Author’s Note: This piece is the first short story I have ever had published. It was published in Polar Expressions Publishing’s short story anthology ‘Let There Be Dragons’ in the early spring of 2014.
The summer I turned sixteen, Grandpa taught me how to drive. Most kids learn in a parking lot, but I was taught on the back roads in a truck that was as ancient as Grandpa himself. That truck was my baby: rust-red with windows that had to be rolled down all the time because the AC was busted and summer in Kansas is hotter than hell. I went out driving every day. Because I’d be damned before I spent all day inside. ‘Course I technically shouldn’t have been driving on my own, but it was a small town and grandpa knew the sheriff and the sheriff knew me.
None of us gave a damn.
I had been living with Grandpa just shy of six months at the time. The only time we were more than civil with each-other was when we were driving. That’s only ‘cause we were both so focused on the car we didn’t notice each-other. I guess I reminded him too much of Ma and he reminded me too much of Pa for us to get along. Nobody likes a constant reminder of people buried six-feet-under who you never got to say a proper goodbye to. Nobody likes a ghost, especially a living one.

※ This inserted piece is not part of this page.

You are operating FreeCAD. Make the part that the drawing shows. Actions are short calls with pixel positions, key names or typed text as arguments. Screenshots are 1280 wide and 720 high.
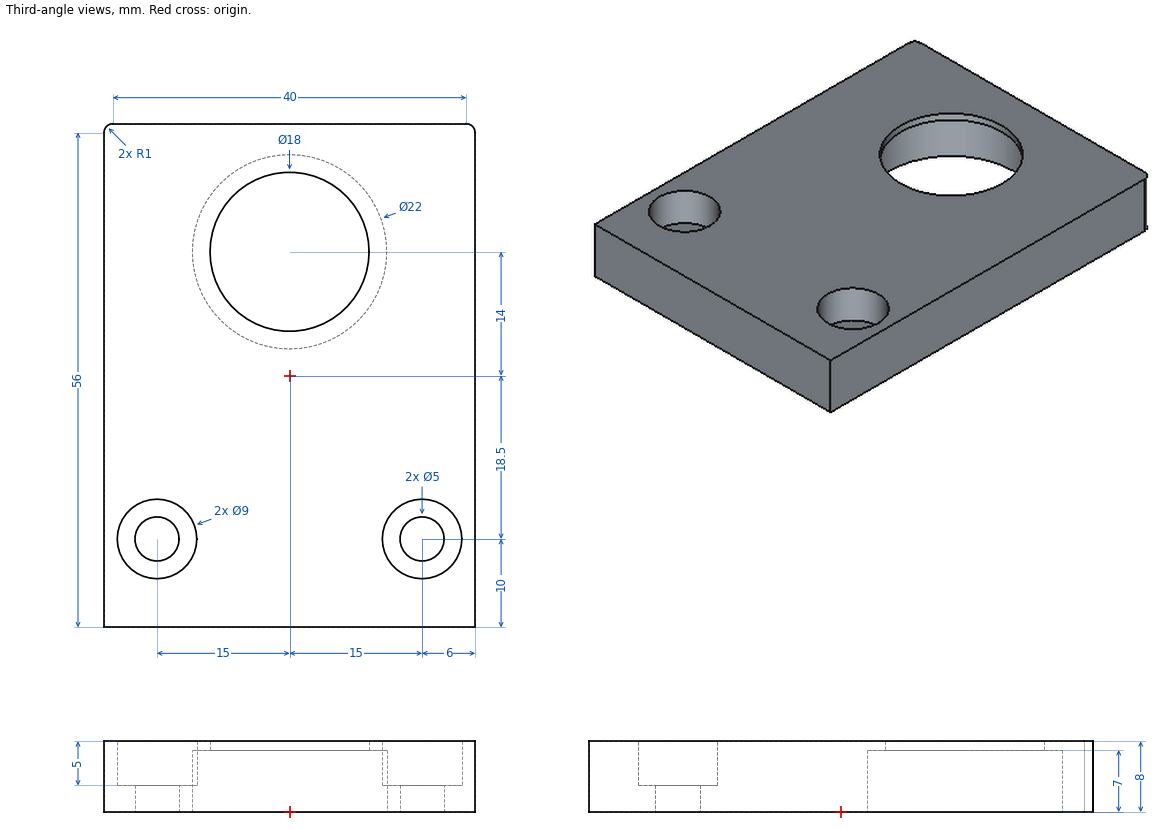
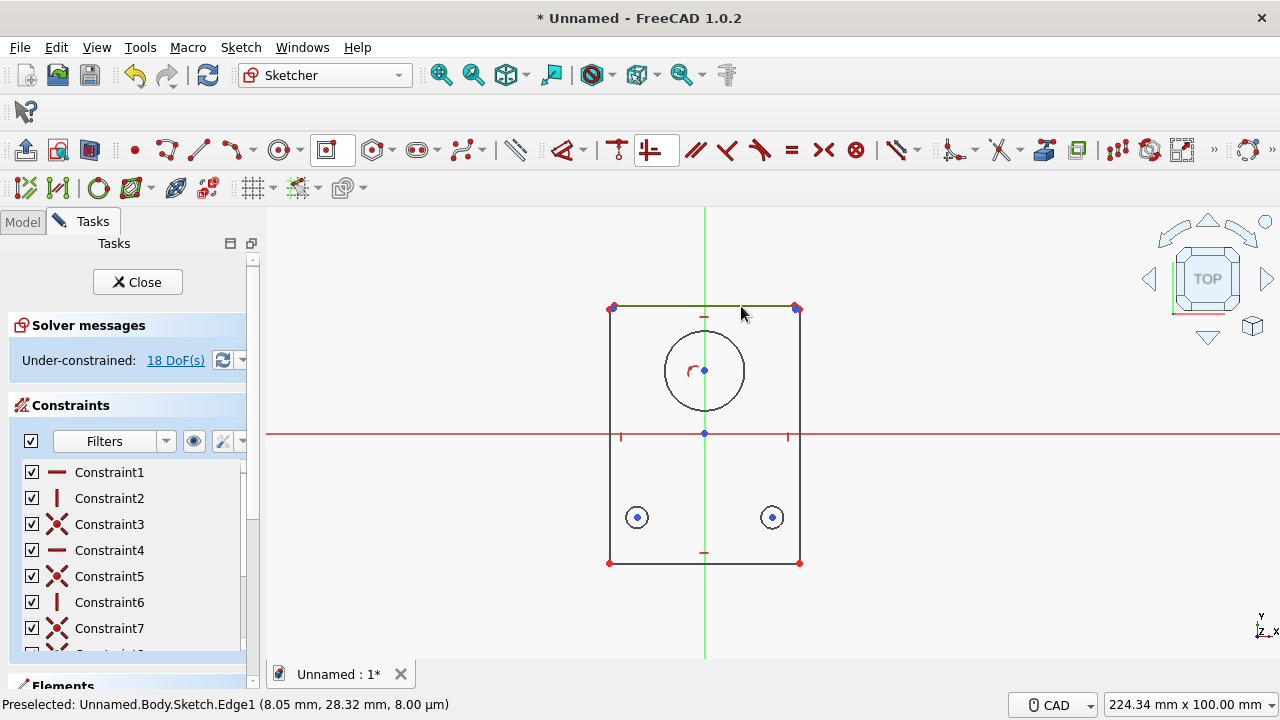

The summer I turned seventeen, things happened a little differently. Reason being, you could hardly call it summer. It rained until I was sure God was trying to wash Kansas clean-off the map.
It was also the summer I took the truck out driving and never came back.
Call it selfish, but in that house I felt like I was being condensed into a preservative jar and later I’d be cracked open and have my insides eaten. And maybe I felt a little bit guilty, but that didn’t stop me from leavin’.
It rained hard that night. I could barely see, but I still kept on driving because if Pa taught me one thing, it’s that once you make a choice you can never go back.
I didn’t stop until I reached the city. Haven’t gone back since. It’s been five summers since then. In all that time, I haven’t driven the truck once. I just can’t bring myself to touch her.
See the windows don’t roll down anymore. They haven’t since that night in the rain. No matter how many mechanics I take her to, none of them can fix her. But every time I think of scraping her, my hands start shaking and Grandpa’s face flashes in front of my eyes. It always ends the same way; with me cracking a window, gulping back air, and then turning around, pretending to have regretted nothing.